Q: How do you determine if a quadratic logarithmic equation will lead to a transcendental equation?
A:
A quadratic logarithmic equation may lead to a transcendental equation if: 1) After simplification, it can't be expressed as a polynomial equation. 2) It involves logarithms that can't be isolated or eliminated through algebraic means. 3) It requires numerical methods or special functions (like Lambert W) to solve.

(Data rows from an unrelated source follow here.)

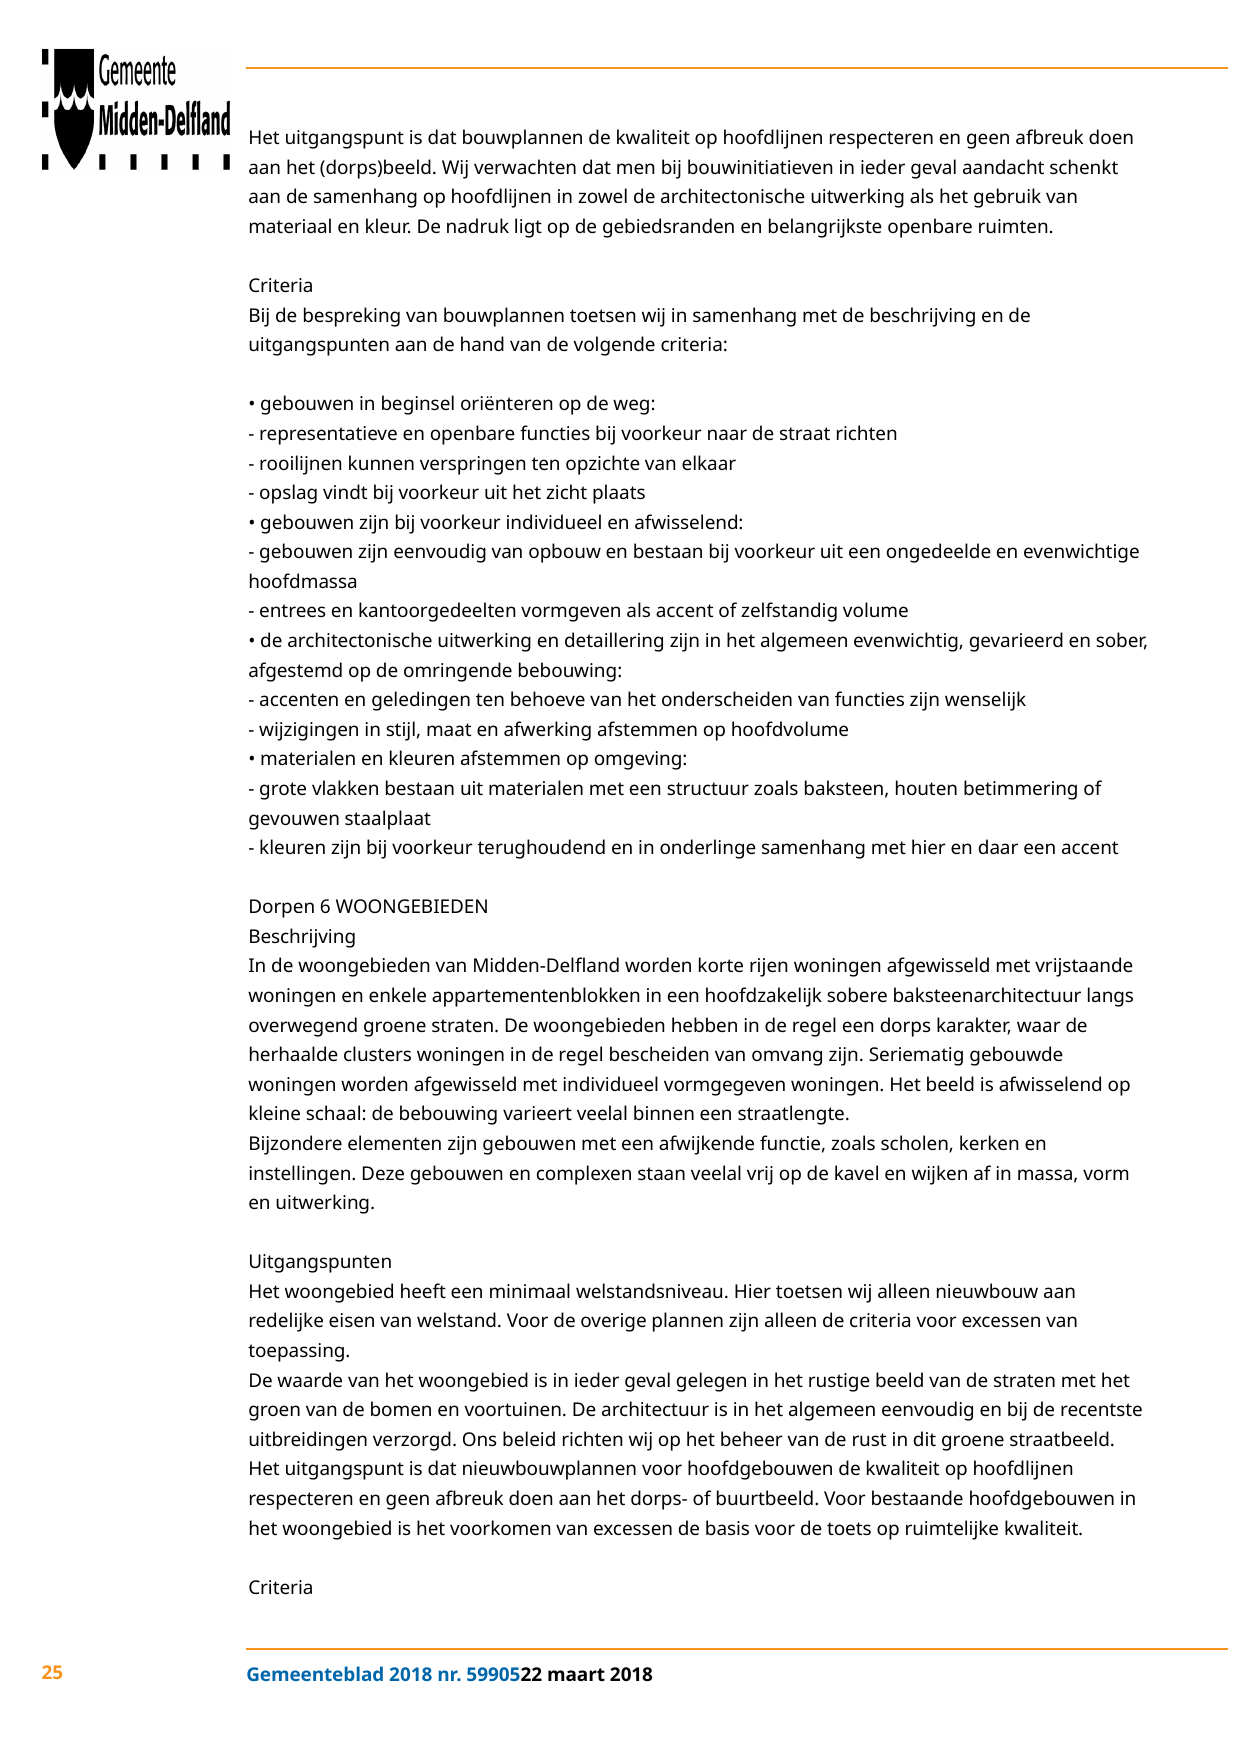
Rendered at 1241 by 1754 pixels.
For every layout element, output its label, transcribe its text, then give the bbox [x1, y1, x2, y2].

text Bijzondere elementen zijn gebouwen met een afwijkende functie, zoals scholen, kerken en instellingen. Deze gebouwen en complexen staan veelal vrij op de kavel en wijken af in massa, vorm en uitwerking. [248, 1130, 1152, 1215]
text - wijzigingen in stijl, maat en afwerking afstemmen op hoofdvolume [248, 716, 1152, 742]
text In de woongebieden van Midden-Delfland worden korte rijen woningen afgewisseld met vrijstaande woningen en enkele appartementenblokken in een hoofdzakelijk sobere baksteenarchitectuur langs overwegend groene straten. De woongebieden hebben in de regel een dorps karakter, waar de herhaalde clusters woningen in de regel bescheiden van omvang zijn. Seriematig gebouwde woningen worden afgewisseld met individueel vormgegeven woningen. Het beeld is afwisselend op kleine schaal: de bebouwing varieert veelal binnen een straatlengte. [248, 953, 1152, 1126]
text - kleuren zijn bij voorkeur terughoudend en in onderlinge samenhang met hier en daar een accent [248, 834, 1152, 860]
text Het uitgangspunt is dat nieuwbouwplannen voor hoofdgebouwen de kwaliteit op hoofdlijnen respecteren en geen afbreuk doen aan het dorps- of buurtbeeld. Voor bestaande hoofdgebouwen in het woongebied is het voorkomen van excessen de basis voor de toets op ruimtelijke kwaliteit. [248, 1456, 1152, 1541]
text Het woongebied heeft een minimaal welstandsniveau. Hier toetsen wij alleen nieuwbouw aan redelijke eisen van welstand. Voor de overige plannen zijn alleen de criteria voor excessen van toepassing. [248, 1278, 1152, 1363]
text - grote vlakken bestaan uit materialen met een structuur zoals baksteen, houten betimmering of gevouwen staalplaat [248, 775, 1152, 831]
text Het uitgangspunt is dat bouwplannen de kwaliteit op hoofdlijnen respecteren en geen afbreuk doen aan het (dorps)beeld. Wij verwachten dat men bij bouwinitiatieven in ieder geval aandacht schenkt aan de samenhang op hoofdlijnen in zowel de architectonische uitwerking als het gebruik van materiaal en kleur. De nadruk ligt op de gebiedsranden en belangrijkste openbare ruimten. [248, 124, 1152, 239]
text • de architectonische uitwerking en detaillering zijn in het algemeen evenwichtig, gevarieerd en sober, afgestemd op de omringende bebouwing: [248, 627, 1152, 683]
text - entrees en kantoorgedeelten vormgeven als accent of zelfstandig volume [248, 598, 1152, 623]
text De waarde van het woongebied is in ieder geval gelegen in het rustige beeld van de straten met het groen van de bomen en voortuinen. De architectuur is in het algemeen eenvoudig en bij de recentste uitbreidingen verzorgd. Ons beleid richten wij op het beheer van de rust in dit groene straatbeeld. [248, 1367, 1152, 1452]
text Uitgangspunten [248, 1248, 1152, 1274]
picture [41, 47, 231, 172]
text • materialen en kleuren afstemmen op omgeving: [248, 746, 1152, 771]
text - representatieve en openbare functies bij voorkeur naar de straat richten [248, 420, 1152, 446]
text Bij de bespreking van bouwplannen toetsen wij in samenhang met de beschrijving en de uitgangspunten aan de hand van de volgende criteria: [248, 302, 1152, 357]
text • gebouwen zijn bij voorkeur individueel en afwisselend: [248, 509, 1152, 535]
text - opslag vindt bij voorkeur uit het zicht plaats [248, 479, 1152, 505]
text Criteria [248, 272, 1152, 298]
text • gebouwen in beginsel oriënteren op de weg: [248, 391, 1152, 416]
text - rooilijnen kunnen verspringen ten opzichte van elkaar [248, 450, 1152, 476]
text Dorpen 6 WOONGEBIEDEN [248, 893, 1152, 919]
text Beschrijving [248, 923, 1152, 949]
text - accenten en geledingen ten behoeve van het onderscheiden van functies zijn wenselijk [248, 686, 1152, 712]
text - gebouwen zijn eenvoudig van opbouw en bestaan bij voorkeur uit een ongedeelde en evenwichtige hoofdmassa [248, 538, 1152, 594]
text Criteria [248, 1574, 1152, 1600]

Recognizing this early can guide the choice of solving strategy.
Q: What role does the product rule of logarithms play in solving quadratic logarithmic equations?
A:
The product rule (log_a(xy) = log_a(x) + log_a(y)) is crucial because: 1) It allows splitting complex logarithmic expressions. 2) It can help in simplifying equations by separating quadratic terms. 3) It's often used in conjunction with the power rule to manipulate equations into solvable forms. 4) Understanding when and how to apply it is key to efficient problem-solving.
Q: How do you approach a system of quadratic logarithmic equations?
A:
To approach a system: 1) Try to simplify each equation individually using logarithmic properties. 2) Look for opportunities to substitute one equation into another. 3) Consider using elimination or substitution methods after transforming equations. 4) Be aware that the system may have multiple, one, or no solutions due to logarithmic constraints. 5) Check all solutions in both original equations.

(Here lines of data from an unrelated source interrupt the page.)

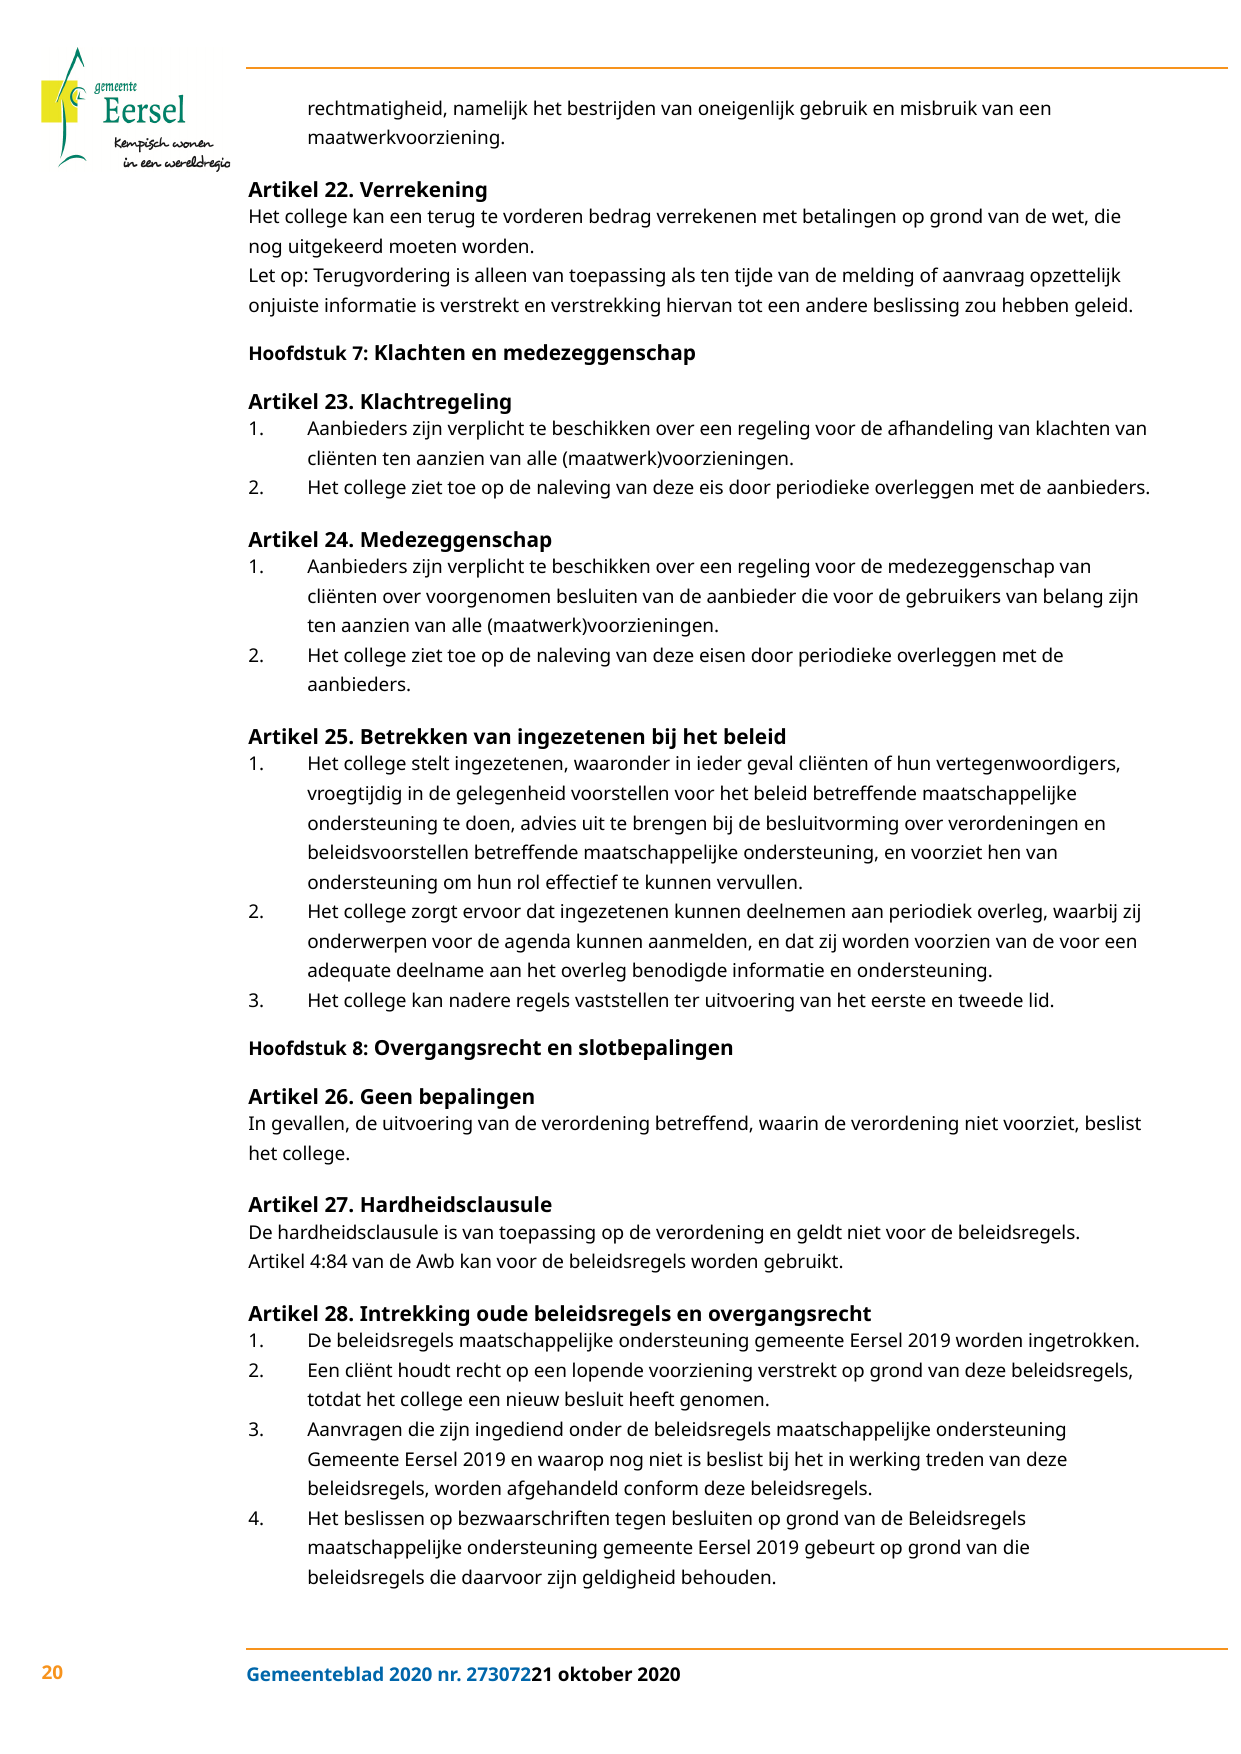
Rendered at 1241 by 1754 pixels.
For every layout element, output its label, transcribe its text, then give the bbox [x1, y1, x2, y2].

list rechtmatigheid, namelijk het bestrijden van oneigenlijk gebruik en misbruik van een maatwerkvoorziening. [248, 95, 1152, 150]
text Artikel 24. Medezeggenschap [248, 525, 1152, 553]
text De hardheidsclausule is van toepassing op de verordening en geldt niet voor de beleidsregels. [248, 1219, 1152, 1245]
list Aanbieders zijn verplicht te beschikken over een regeling voor de afhandeling van klachten van cliënten ten aanzien van alle (maatwerk)voorzieningen. [248, 415, 1152, 471]
text Artikel 25. Betrekken van ingezetenen bij het beleid [248, 722, 1152, 751]
list Het college stelt ingezetenen, waaronder in ieder geval cliënten of hun vertegenwoordigers, vroegtijdig in de gelegenheid voorstellen voor het beleid betreffende maatschappelijke ondersteuning te doen, advies uit te brengen bij de besluitvorming over verordeningen en beleidsvoorstellen betreffende maatschappelijke ondersteuning, en voorziet hen van ondersteuning om hun rol effectief te kunnen vervullen. [248, 751, 1152, 894]
list Een cliënt houdt recht op een lopende voorziening verstrekt op grond van deze beleidsregels, totdat het college een nieuw besluit heeft genomen. [248, 1357, 1152, 1412]
text Hoofdstuk 7: Klachten en medezeggenschap [248, 338, 1152, 366]
text Artikel 27. Hardheidsclausule [248, 1191, 1152, 1219]
text Artikel 4:84 van de Awb kan voor de beleidsregels worden gebruikt. [248, 1248, 1152, 1274]
list De beleidsregels maatschappelijke ondersteuning gemeente Eersel 2019 worden ingetrokken. [248, 1327, 1152, 1353]
list Het college ziet toe op de naleving van deze eisen door periodieke overleggen met de aanbieders. [248, 642, 1152, 697]
text Artikel 22. Verrekening [248, 175, 1152, 203]
text Let op: Terugvordering is alleen van toepassing als ten tijde van de melding of aanvraag opzettelijk onjuiste informatie is verstrekt en verstrekking hiervan tot een andere beslissing zou hebben geleid. [248, 262, 1152, 318]
picture [41, 47, 231, 172]
text Hoofdstuk 8: Overgangsrecht en slotbepalingen [248, 1033, 1152, 1061]
text Het college kan een terug te vorderen bedrag verrekenen met betalingen op grond van de wet, die nog uitgekeerd moeten worden. [248, 203, 1152, 258]
list Het beslissen op bezwaarschriften tegen besluiten op grond van de Beleidsregels maatschappelijke ondersteuning gemeente Eersel 2019 gebeurt op grond van die beleidsregels die daarvoor zijn geldigheid behouden. [248, 1505, 1152, 1590]
text Artikel 26. Geen bepalingen [248, 1082, 1152, 1111]
text Artikel 28. Intrekking oude beleidsregels en overgangsrecht [248, 1299, 1152, 1327]
list Aanbieders zijn verplicht te beschikken over een regeling voor de medezeggenschap van cliënten over voorgenomen besluiten van de aanbieder die voor de gebruikers van belang zijn ten aanzien van alle (maatwerk)voorzieningen. [248, 553, 1152, 638]
text In gevallen, de uitvoering van de verordening betreffend, waarin de verordening niet voorziet, beslist het college. [248, 1111, 1152, 1166]
list Het college zorgt ervoor dat ingezetenen kunnen deelnemen aan periodiek overleg, waarbij zij onderwerpen voor de agenda kunnen aanmelden, en dat zij worden voorzien van de voor een adequate deelname aan het overleg benodigde informatie en ondersteuning. [248, 898, 1152, 983]
list Het college kan nadere regels vaststellen ter uitvoering van het eerste en tweede lid. [248, 987, 1152, 1013]
list Het college ziet toe op de naleving van deze eis door periodieke overleggen met de aanbieders. [248, 474, 1152, 500]
list Aanvragen die zijn ingediend onder de beleidsregels maatschappelijke ondersteuning Gemeente Eersel 2019 en waarop nog niet is beslist bij het in werking treden van deze beleidsregels, worden afgehandeld conform deze beleidsregels. [248, 1416, 1152, 1501]
text Artikel 23. Klachtregeling [248, 387, 1152, 415]

Q: What is the significance of the base of logarithms in quadratic logarithmic equations?
A:
The base is significant because: 1) It determines which logarithmic properties can be applied. 2) Changing the base can simplify or complicate the equation. 3) Some bases (like e or 10) have special properties that can be leveraged. 4) Understanding the relationship between bases is crucial for solving equations with mixed bases.

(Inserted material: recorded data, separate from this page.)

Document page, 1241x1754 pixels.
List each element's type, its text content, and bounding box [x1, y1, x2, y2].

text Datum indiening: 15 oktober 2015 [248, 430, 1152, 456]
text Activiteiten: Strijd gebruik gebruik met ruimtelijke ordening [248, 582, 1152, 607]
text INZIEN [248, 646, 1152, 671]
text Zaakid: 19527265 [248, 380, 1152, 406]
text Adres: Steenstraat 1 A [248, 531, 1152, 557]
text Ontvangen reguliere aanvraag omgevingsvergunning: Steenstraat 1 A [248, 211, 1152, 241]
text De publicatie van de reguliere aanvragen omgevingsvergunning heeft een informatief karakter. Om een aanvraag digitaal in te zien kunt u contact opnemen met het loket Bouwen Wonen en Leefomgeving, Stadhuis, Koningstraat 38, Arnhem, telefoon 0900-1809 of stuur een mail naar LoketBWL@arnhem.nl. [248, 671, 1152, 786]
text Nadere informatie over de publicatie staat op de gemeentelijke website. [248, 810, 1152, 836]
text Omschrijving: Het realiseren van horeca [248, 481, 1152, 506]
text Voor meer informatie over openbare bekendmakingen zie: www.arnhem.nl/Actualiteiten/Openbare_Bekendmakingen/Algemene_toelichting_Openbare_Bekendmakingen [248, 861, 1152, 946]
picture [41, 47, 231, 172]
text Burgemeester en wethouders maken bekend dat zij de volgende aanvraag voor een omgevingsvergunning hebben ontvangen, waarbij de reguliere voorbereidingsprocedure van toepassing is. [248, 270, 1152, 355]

Q: How do you handle quadratic logarithmic equations with absolute value terms?
A:
To handle absolute value terms: 1) Consider the equation in two cases: when the expression inside the absolute value is positive or negative. 2) Solve each case separately. 3) Combine solutions, ensuring they satisfy the original equation and domain restrictions. 4) Be aware that absolute value terms can introduce additional complexity and potential solutions.
Q: What is the role of asymptotes in the graphical representation of quadratic logarithmic equations?
A:
Asymptotes play a crucial role because: 1) Vertical asymptotes occur where the argument of the logarithm approaches zero, indicating domain restrictions. 2) They help visualize the behavior of the function as x approaches certain values. 3) Understanding asymptotes can provide insights into the number and nature of solutions. 4) They're essential for sketching accurate graphs of quadratic logarithmic functions.
Q: How do you determine the number of solutions a quadratic logarithmic equation will have?
A:
Determining the number of solutions involves: 1) Transforming the equation into a quadratic form. 2) Analyzing the discriminant of the resulting quadratic equation. 3) Considering domain restrictions from logarithms. 4) Checking for extraneous solutions. The final number of solutions may be less than or equal to the number suggested by the quadratic form due to logarithmic constraints.
Q: What is the importance of understanding function composition in quadratic logarithmic equations?
A:
Understanding function composition is crucial because quadratic logarithmic equations often involve the composition of logarithmic and quadratic functions. This understanding helps in: 1) Recognizing the structure of the equation. 2) Applying appropriate solving techniques. 3) Interpreting the meaning of solutions. 4) Visualizing the graphical representation of the equation.